Put the shoes on barefoot, and poke a sharpie through the bolt holes to mark your foot.  Measure the error and repeat...

citoyen

  • Occasionally rides a bike
Re: cleat position
« Reply #12 on: 03 July, 2021, 06:45:21 am »
stick some masking tape on the sides (front part, both inner and outer sides) of all shoes. take a ruler, place it across the centre of both bolts and mark the tape on both sides. put the shoe on and mark the bony protrusions on each side. replicate the distances on the new pair of shoes.

^This. I don’t do it precisely the same way but it amounts to the same thing.

It’s where your foot sits in relation to the pedal axle that matters, at least as far as fore/aft positioning is concerned.

You shouldn’t need an x-ray to do this, although how easy it is to feel where your feet’s bony bits are will depend on the thickness of the shoes’ uppers to some extent.
"The future's all yours, you lousy bicycles."

Re: cleat position
« Reply #13 on: 03 July, 2021, 07:40:48 am »
Would this help?

https://road.cc/content/review/ergon-tp1-pedal-cleat-tool-274119

Great - if you use the right cleats. I use Look Delta still, and it wouldn’t of course work for 2 bolt SPDs
I’ve got a BiciSupport jig, that works to check the position after fitting, but doesn’t help much with getting the cleats in the right place at the start of the job.

Re: cleat position
« Reply #14 on: 03 July, 2021, 12:51:13 pm »
Would this help?

https://road.cc/content/review/ergon-tp1-pedal-cleat-tool-274119

Great - if you use the right cleats. I use Look Delta still, and it wouldn’t of course work for 2 bolt SPDs
I’ve got a BiciSupport jig, that works to check the position after fitting, but doesn’t help much with getting the cleats in the right place at the start of the job.
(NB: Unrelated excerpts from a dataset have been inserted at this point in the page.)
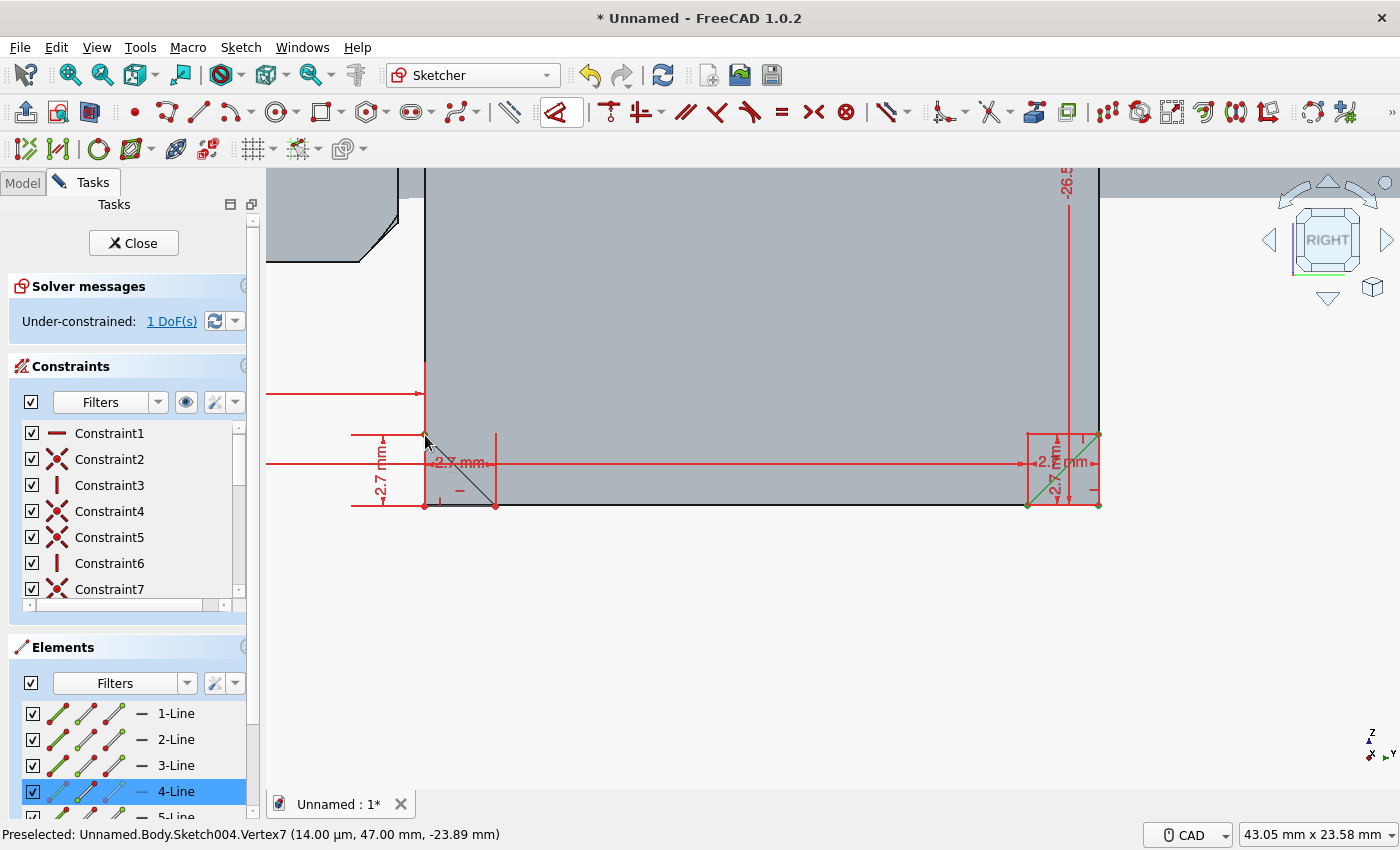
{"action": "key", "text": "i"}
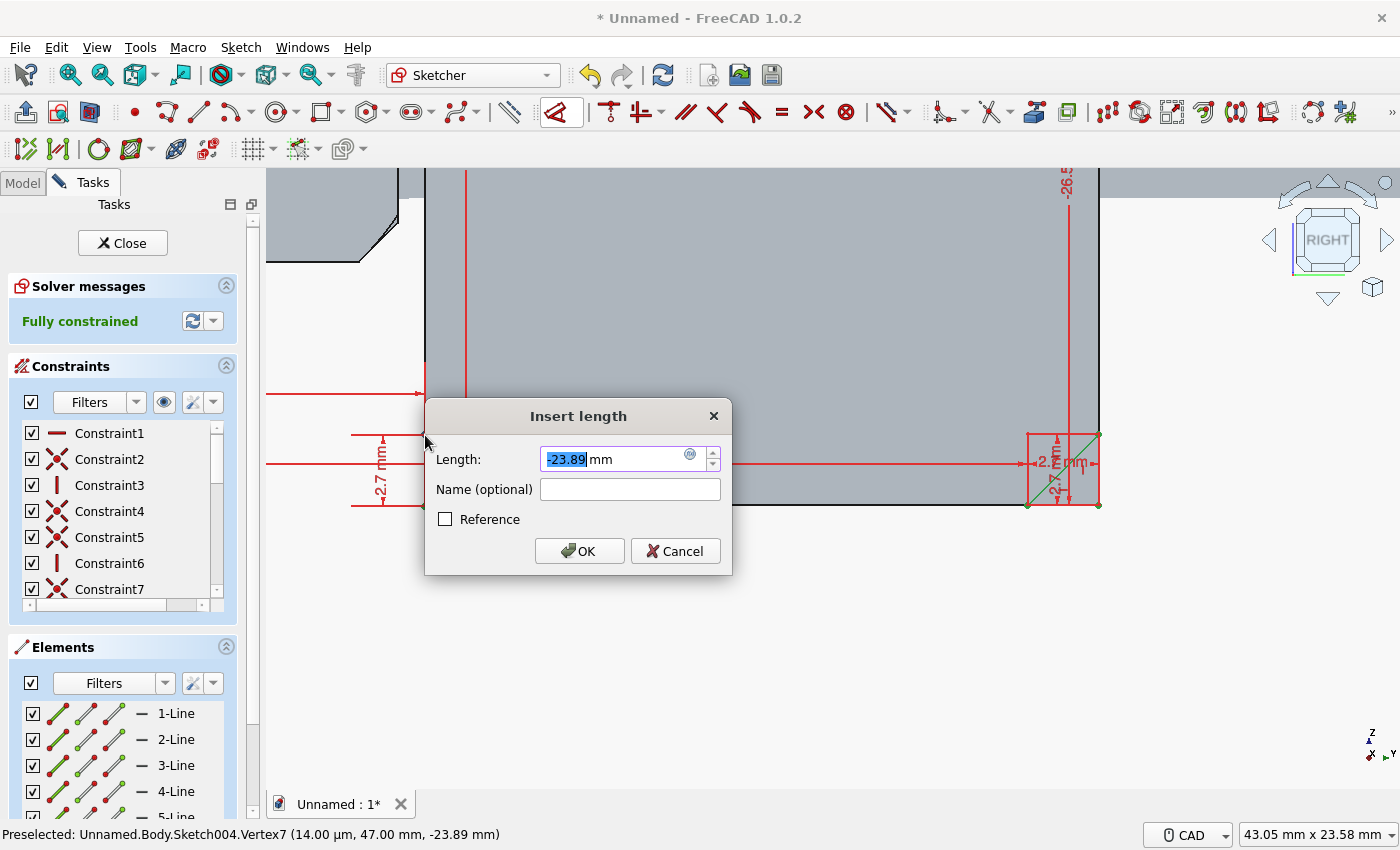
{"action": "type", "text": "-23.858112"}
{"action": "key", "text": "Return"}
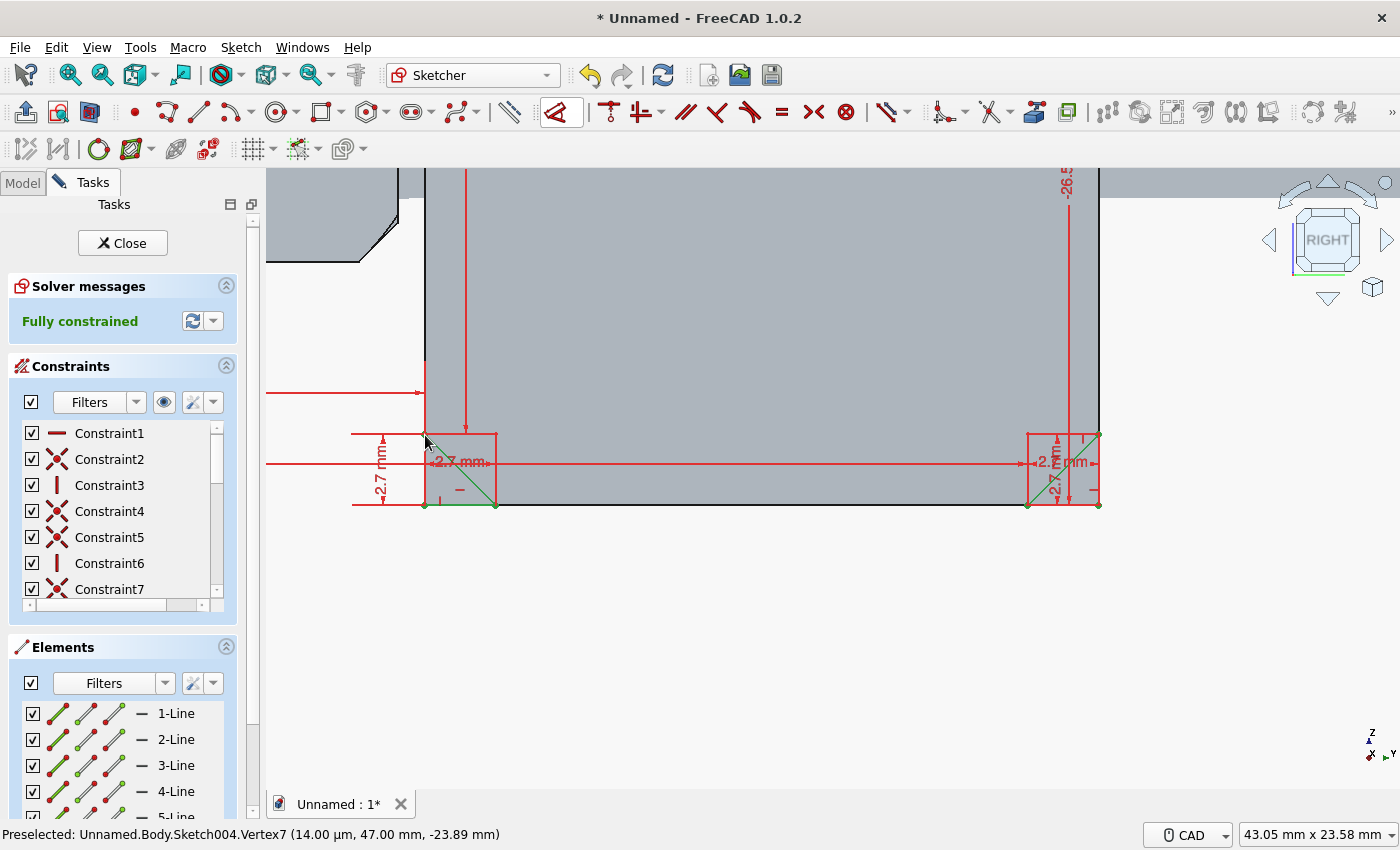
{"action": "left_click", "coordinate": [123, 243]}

Article, at the bottom, says they do the same thing for different cleat types.
"Ergon does four other tools in the range – for Shimano SPD (mountain bike), Crank Brothers, Look Keo and Speedplay. "
Back in the saddle :)

LittleWheelsandBig

  • Whimsy Rider
Re: cleat position
« Reply #15 on: 03 July, 2021, 12:56:46 pm »
None of those options fit the the original Look delta cleats, though a modification to a Keo guide might work adequately well.
Wheel meet again, don't know where, don't know when...

Re: cleat position
« Reply #16 on: 03 July, 2021, 04:25:29 pm »
There's a fair amount of float on SPDs. The right position generally has the broadest part of the foot over the pedal spindle. I generally set the centreline of the cleat over the widest part of the shoe, and check for the heel being appropriately clear of the pedal. Then I'll try a test ride. I can feel whether the foot is straight or not. I only need to get the ideal position well within the range of float.

rogerzilla

  • When n+1 gets out of hand
Re: cleat position
« Reply #17 on: 12 July, 2021, 08:11:50 am »
In contrast to fboab, mine are as far forward as possible!

20210712_080909 by rogerzilla, on Flickr

This gets them as close to the widest part as possible.  I fitted these last week using the previous (worn out) shoes as reference.

They are deliberately skewed slightly (heels in) to allow my knees to run straight.
Hard work sometimes pays off in the end, but laziness ALWAYS pays off NOW.

Re: cleat position
« Reply #18 on: 12 July, 2021, 09:24:01 am »
Having my cleats like that would give me hot foot and ankle strain within 10 minutes.
I think trial and error is really the only way to get it right-for-you. Whatever your 'bike fit' says.